I read here that you found that the Benjamini-Hochberg procedure works pretty well with single site analysis. So I calculated FDR on the 458,258 significant pvalues by doing UNP$FDR <- p.adjust(UNP$map_pvalue, method = "BH") and ended up with the exact same FDR for all of them = 0.04993573. Since I did 458,258 tests and 0.04993573*458,258 = 22,883 does this mean that I should expect 22,883 false discoveries - which corresponds to 1/20th of the sites. Again, is this something I should expect with Nanopore data?

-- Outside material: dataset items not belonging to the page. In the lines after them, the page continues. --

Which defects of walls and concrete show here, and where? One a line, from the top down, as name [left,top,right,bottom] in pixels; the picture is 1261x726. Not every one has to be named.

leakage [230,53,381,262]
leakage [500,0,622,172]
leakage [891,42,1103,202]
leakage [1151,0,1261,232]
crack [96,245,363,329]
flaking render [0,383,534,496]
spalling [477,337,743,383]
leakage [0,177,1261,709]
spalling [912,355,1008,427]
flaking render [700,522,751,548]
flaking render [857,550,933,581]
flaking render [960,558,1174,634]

I would be most grateful if you could share your best practices for FDR correction.
Hello @Machadum,
Sorry about the delayed response.
A couple things I may adjust:
- I usually use a p-value of 0.01 (the default in the segmenter), but others have found that this might be too low.

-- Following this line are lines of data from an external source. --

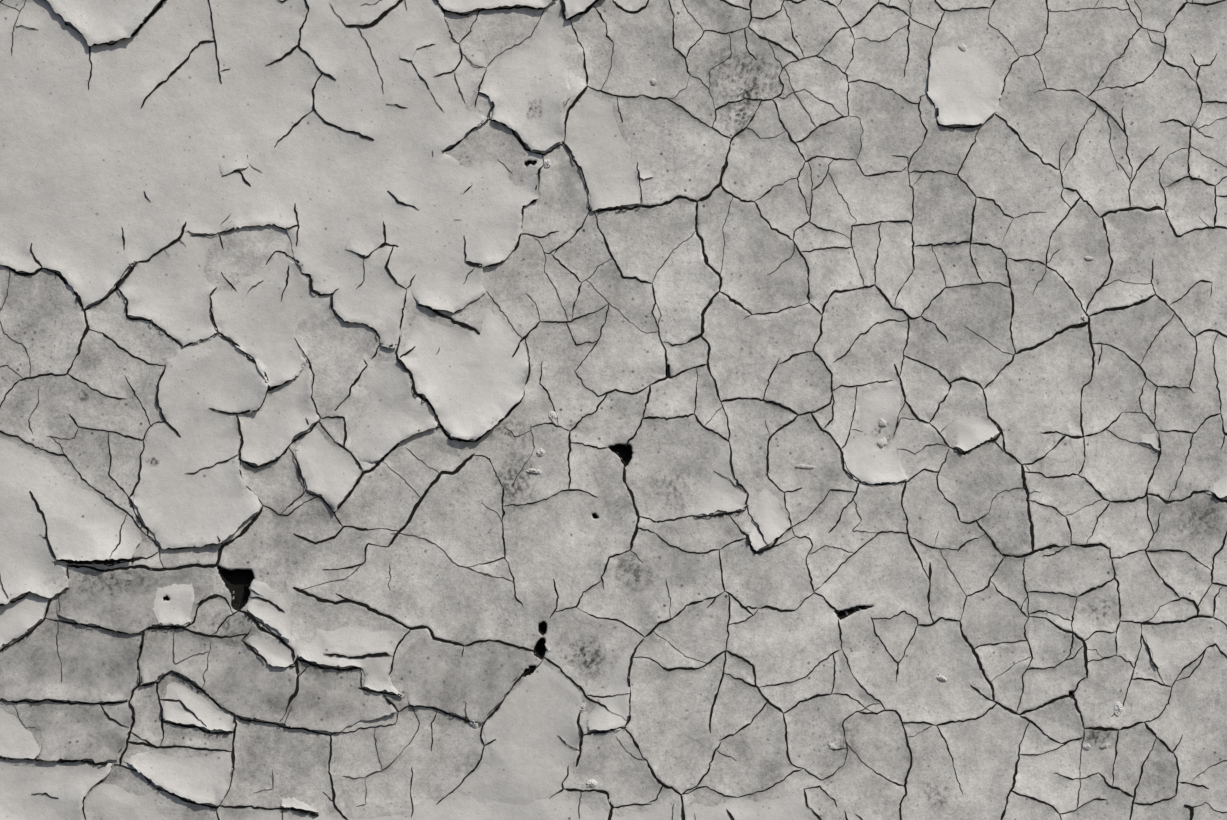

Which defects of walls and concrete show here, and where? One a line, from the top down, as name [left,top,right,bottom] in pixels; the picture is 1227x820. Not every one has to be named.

crack [0,0,166,88]
crack [141,0,230,108]
crack [265,0,407,146]
peeling [925,46,1003,125]
crack [222,155,261,187]
crack [191,204,300,248]
crack [0,221,534,675]
peeling [0,0,820,820]
crack [433,0,1227,820]
peeling [1210,476,1227,498]
crack [0,588,470,820]
peeling [1145,633,1166,669]

- An effect size of 10% might be too low, I would only look at effect sizes >30% or so (depending on what you're doing).
ended up with the exact same FDR for all of them = 0.04993573
This might be a calculation error, but I'm not totally familiar with that R function (or what data you passed in). Let me get a worked example together and share it.
Since I did 458,258 tests and 0.04993573*458,258 = 22,883 does this mean that I should expect 22,883 false discoveries - which corresponds to 1/20th of the sites
Yes this is exactly what this means assuming 458_258 sites are below the BH critical value.
Thank you for your answer. For effect sizes > 30%, is it better to run dmr pair on single sites without any filter and then filter out column 16/effect size or to run dmr pair with --delta 0.3? Looking forward to your worked example.
@Machadum,
Thank you for your answer. For effect sizes > 30%, is it better to run dmr pair on single sites without any filter and then filter out column 16/effect size or to run dmr pair with --delta 0.3?
It doesn't really matter, --delta defines the region of practical equivalence and effect sizes less than this will be given a MAP-based p-value of 1. You could easily perform this transformation post hoc, really it's up to you, the intention is to save compute time if you have a lot of sites that have small changes.